Ciò su cui si basa la nostra crociata (perché di questo ormai si tratta), è paradossalmente una totale ammissione di colpevolezza per ciò di cui siamo davvero colpevoli. Nessuno chiede l’immunità su nulla, nessuno l’ha chiesta mai. Vogliamo pagare, se sbagliamo. Vogliamo essere giudicati, ed eventualmente puniti per le nostre mancanze. Ma vogliamo esserlo sulla base del principio costituzionale di uguaglianza. L’impianto accusatorio non può uscire dalla legalità. Il diritto alla difesa non può essere precluso. Non ci può essere pena senza che il reato venga accertato. Invece rendetevi conto di questo: nell’ambito della sicurezza negli stadi tutte le frasi di cui sopra, che parrebbero ovvietà assolute, sono in realtà gestite come nel Far West.

Lo sapete che il Daspo è un provvedimento amministrativo che viaggia indipendente rispetto al penale? Sapete cosa significa? Che magicamente non è più assoggettabile al normale decorso di un contradittorio, garantito dalla legge. Non esiste la tutela di un tribunale, se non il Tar, il quale si limita ad una verifica degli atti, udite udite. Si può basare l’impianto accusatorio su immagini video o testimonianze che in caso di daspo senza firma l’imputato non può neppure pretendere di visionare! Vi rendete conto? Se un domani un’immagine ambigua sembra ritrarvi in atteggiamenti poco consoni, dove i canoni di conformità variano dal gesto di stizza nei confronti dell’arbitro alla violenza su pubblico ufficiale, e vi vedete comminare un daspo per questo, non avrete neppure diritto a consultare quell’immagine. A confutarla, a contestare un fatto che magari veramente non avete commesso. Vi piace l’idea?

E ancora. Nell’anno domini 2019 il decreto sicurezza più in generale conferisce ad un solo individuo il potere di restringere a piacimento la libertà personale di chiunque. Di selezionare. E di farlo nella più totale autonomia, sotto il magico vessillo della sicurezza. Stiamo parlando di diritti primari della persona, porca troia! Che vengono violati nell’ambito circoscritto dello stadio, creando un’inconfutabile e inaccettabile forma di discriminazione. La ratio della dichiarazione con cui abbiamo aperto ha radici profonde. E terribili. Dalla discriminazione sono nati i peggiori crimini che la nostra storia si ricordi. Siamo diventati un esperimento sociale, ghettizzato, allontanato dall’opinione pubblica grazie ad abili distorsioni e omesse verità. Fingere di non vedere è una colpevolezza di cui nessuno dovrebbe macchiarsi.

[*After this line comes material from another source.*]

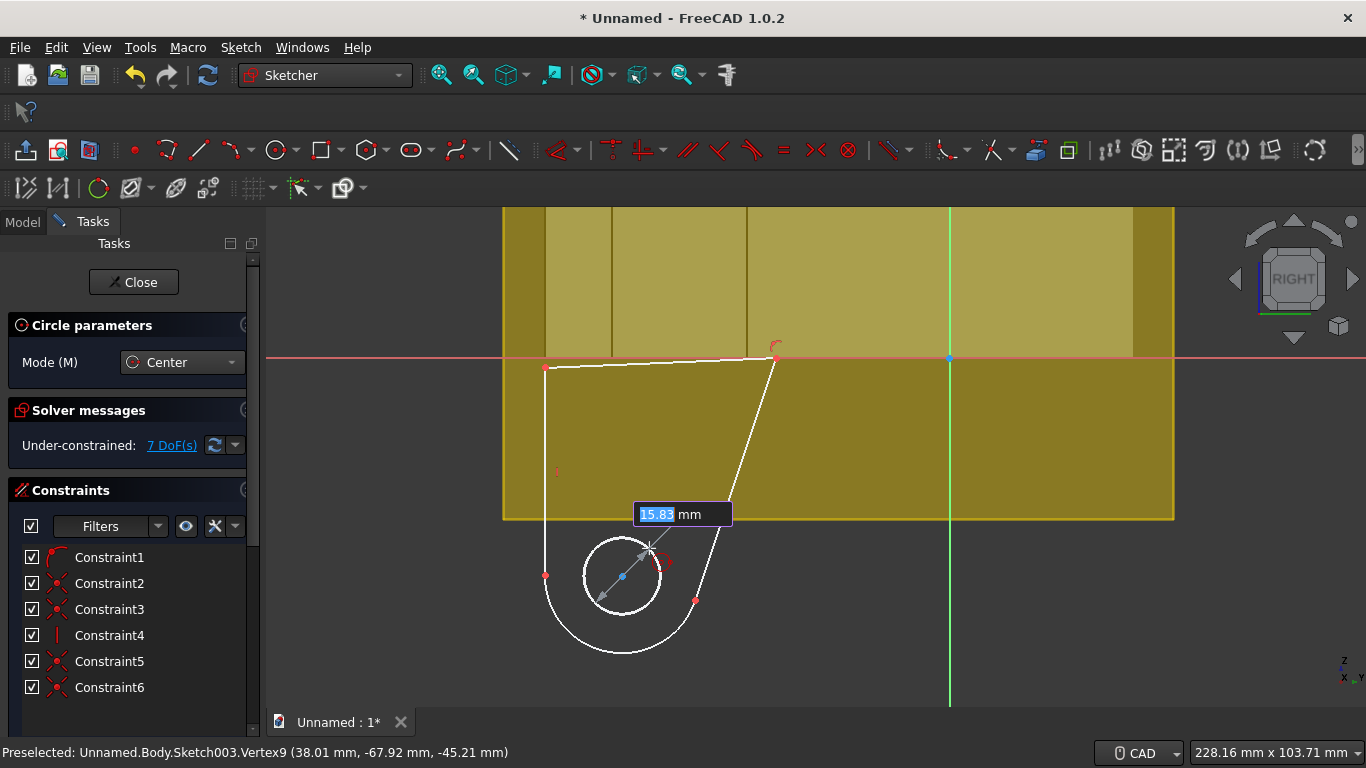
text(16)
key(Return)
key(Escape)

Ma non è tutto, perché quando pensi di aver toccato il fondo ti accorgi che chi legifera è armato di piccone e badile. E scava. La legge italiana non prevede la punibilità delle intenzioni. Sembra perfino idiota doverlo sottolineare, di fronte a reati minori. Ma è un principio talmente garantito che perfino di fronte a potenziali minacce di morte non è possibile muoversi legalmente “come se”. Invece allo stadio non è così. Ascoltate bene. NON È COSÌ! Chi vi accusa non deve più neppure preoccuparsi di imputarvi un’azione concreta, gli basta presumere che intendiate commetterla. Ed ecco che anche laddove l’eventuale penale si risolverebbe con una totale assoluzione in sede di giudizio, l’amministrativo che parte in automatico verrà comunque comminato e scontato. Magari anche pluriennale, in caso di recidiva. Magari con firma.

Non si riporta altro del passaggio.